In [21]:
from pyspark.sql import SparkSession
from pyspark.sql.functions import explode, col, sum as _sum, when, trim, max as _max


In [2]:
# Initialize Spark session
spark = SparkSession.builder.appName("TopAuthorsByCitation").getOrCreate()

In [25]:
# Load JSON data
df = spark.read.json("C:\\Users\\wmizz\\Desktop\\sem6\\CSC4406\\Project\\dblp_v14.json")

In [26]:
# Clean the data: 
# 1. Remove rows with corrupted records
# 2. Fill null values in necessary columns
clean_df = df.filter(df._corrupt_record.isNull())

# Fill null values with default values
clean_df = clean_df.fillna({"n_citation": 0})

# Explode the authors array to create a row for each author
exploded_df = clean_df.select(explode(col("authors")).alias("author"), col("n_citation"))

# Filter out null authors and null author fields
exploded_df = exploded_df.filter(col("author").isNotNull())
exploded_df = exploded_df.filter(col("author.id").isNotNull() & (trim(col("author.id")) != ''))

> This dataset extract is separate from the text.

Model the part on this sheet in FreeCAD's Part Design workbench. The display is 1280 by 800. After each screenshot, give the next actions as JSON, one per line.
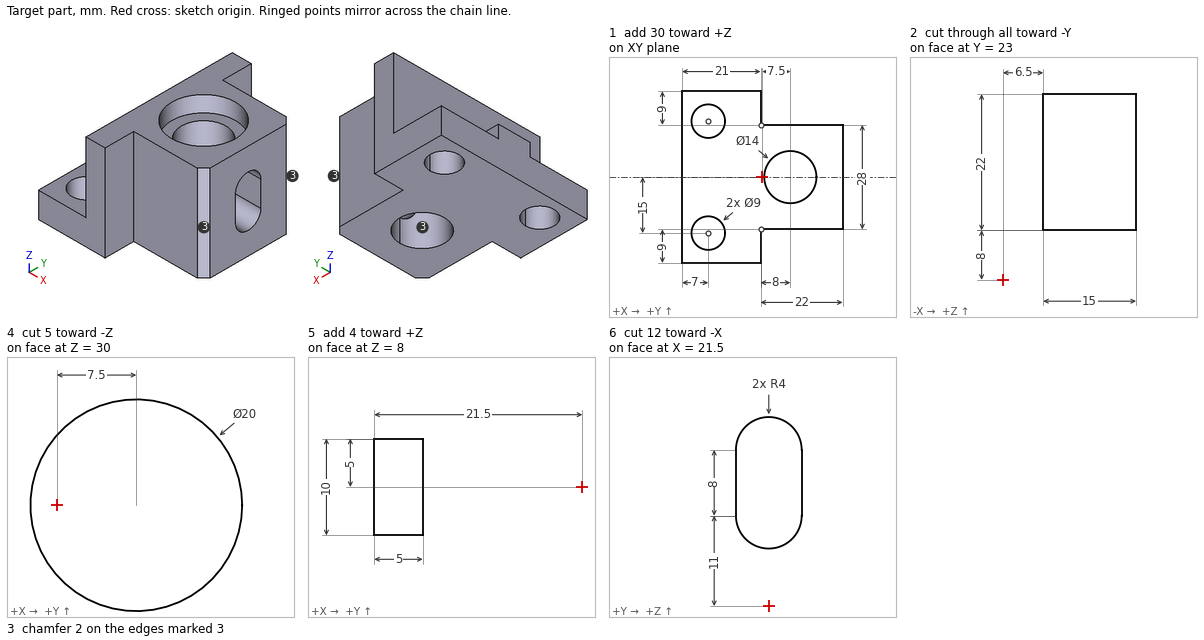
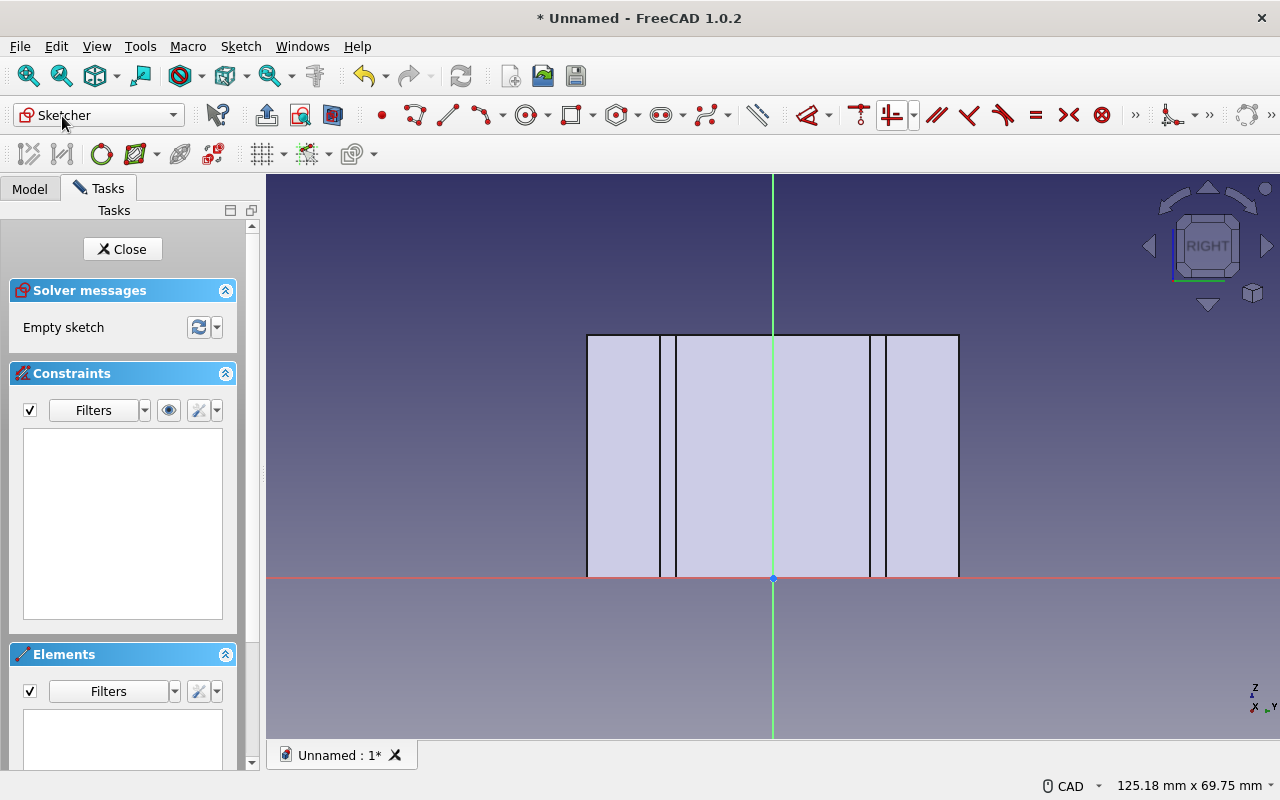
{"action": "scroll", "coordinate": [856, 519], "scroll_direction": "up", "scroll_amount": 3}

# Handle nulls in nested fields
exploded_df = exploded_df.withColumn("author_id", col("author.id"))
exploded_df = exploded_df.withColumn("author_name", when(col("author.name").isNotNull(), col("author.name")).otherwise("Unknown"))

In [27]:
# Select the necessary columns and group by author id, summing up the citations
author_citations_df = exploded_df.groupBy("author_id").agg(
    _sum("n_citation").alias("total_citations"),
    _max("author_name").alias("author_name")  # To show the author's name alongside their ID
)

# Order by total citations in descending order and select the top 10 author IDs
top_authors_df = author_citations_df.orderBy(col("total_citations").desc()).limit(10)

In [28]:
# Show the top 10 authors with the most citations
top_authors_df.show(truncate=False)

+------------------------+---------------+------------------+
|author_id               |total_citations|author_name       |
+------------------------+---------------+------------------+
|53f4ba75dabfaed83977b7db|537922         |yoshua bengio dept|
|53f366a7dabfae4b3499c6fe|399813         |geoffrey e hinton |
|53f46ca8dabfaec09f2584aa|373318         |andrew zisserman  |
|53f431badabfaee02ac9803b|338000         |kaiming he        |
|53f458fcdabfaeecd69f5094|309489         |ilya sutskever    |
|53f43097dabfaedf4353f3bc|304473         |jian sun          |
|5405bdaadabfae92b41fb68a|250006         |Simonyan, Karen   |
|53f4340adabfaec22ba6a6f8|242899         |ross girshick     |
|53f42b4fdabfaedce54a3fe9|241463         |shaoqing ren      |
|53f48919dabfaee4dc8b219c|222377         |yann lecun        |
+------------------------+---------------+------------------+



In [29]:
top_authors_df.write.json("top_authors")